Siempre me sorprende cómo estos ataques tienen éxito a través de mecanismos tan simples. En este caso, la víctima autorizó una transacción de “Aumentar Permiso” - esencialmente dando al hacker permiso para gastar sus tokens. Es como entregarle a alguien tu billetera y sorprenderte cuando toman tu dinero.

La comunidad cripto ha estado debatiendo extensamente sobre las aprobaciones de tokens, y con buena razón. Estas funciones de contrato inteligente son armas de doble filo: convenientes para usos legítimos pero devastadoras cuando se explotan. El atacante convirtió astutamente los activos robados en 13,785 ETH y 1.64 millones de Dai, distribuyéndolos a través de diversas carteras para ocultar sus rastros.

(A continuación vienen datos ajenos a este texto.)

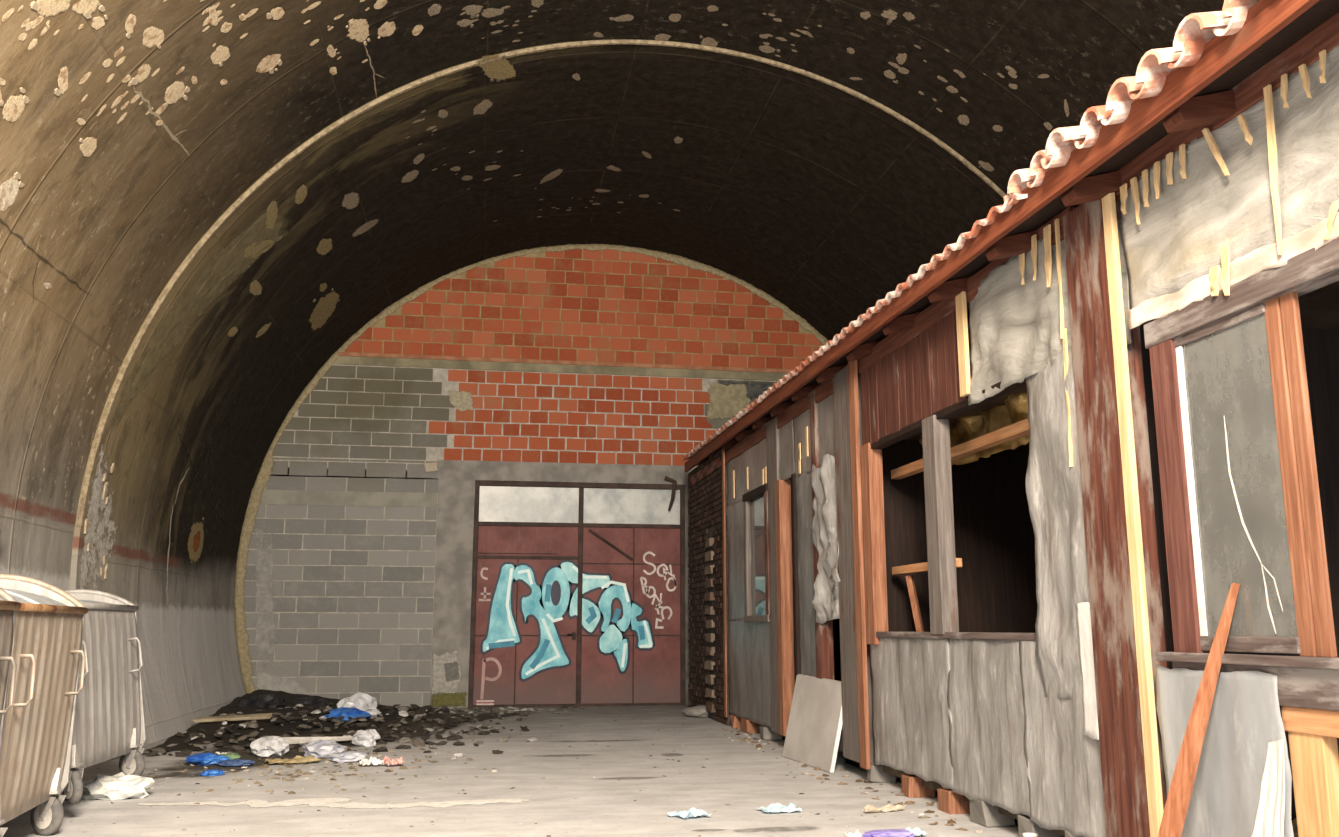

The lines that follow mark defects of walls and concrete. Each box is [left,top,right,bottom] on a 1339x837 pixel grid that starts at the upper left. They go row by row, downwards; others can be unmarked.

spalling [2,0,108,50]
spalling [457,0,544,82]
spalling [593,14,634,37]
peeling [759,13,822,57]
spalling [860,10,915,25]
peeling [54,14,197,157]
spalling [473,99,493,115]
spalling [401,109,521,190]
spalling [0,172,24,211]
spalling [342,192,359,209]
spalling [316,238,332,255]
spalling [309,283,340,331]

Las estadísticas de febrero son aún más alarmantes: ¡casi $47 millones se perdieron en estafas de phishing en un solo mes! Los usuarios de Ethereum parecen ser particularmente vulnerables, representando el 78% de estos robos. No puedo evitar preguntarme si la complejidad del ecosistema de Ethereum hace que los usuarios sean más susceptibles a estos ataques.

El reciente drenaje de $1.8 millones de usuarios del intercambio Dolomite a través de un contrato antiguo resalta aún más los peligros de las aprobaciones olvidadas. Muchos usuarios no se dan cuenta de que estos permisos persisten indefinidamente a menos que sean revocados explícitamente.

No todos los ataques tienen éxito completo: la rápida respuesta de Layerswap limitó su reciente violación a “solo” $100,000 de aproximadamente 50 usuarios. Aunque han prometido reembolsos y compensaciones, el daño psicológico a la confianza de los usuarios permanece.

Estos incidentes revelan una realidad preocupante: a pesar de años de advertencias, el phishing sigue siendo devastadoramente efectivo en las criptomonedas. La sofisticación técnica de la blockchain contrasta fuertemente con la vulnerabilidad humana ante la ingeniería social. Hasta que no cerremos esta brecha mediante una mejor educación y herramientas de seguridad, millones seguirán fluyendo hacia atacantes que entienden que explotar la confianza humana suele ser más fácil que romper la criptografía.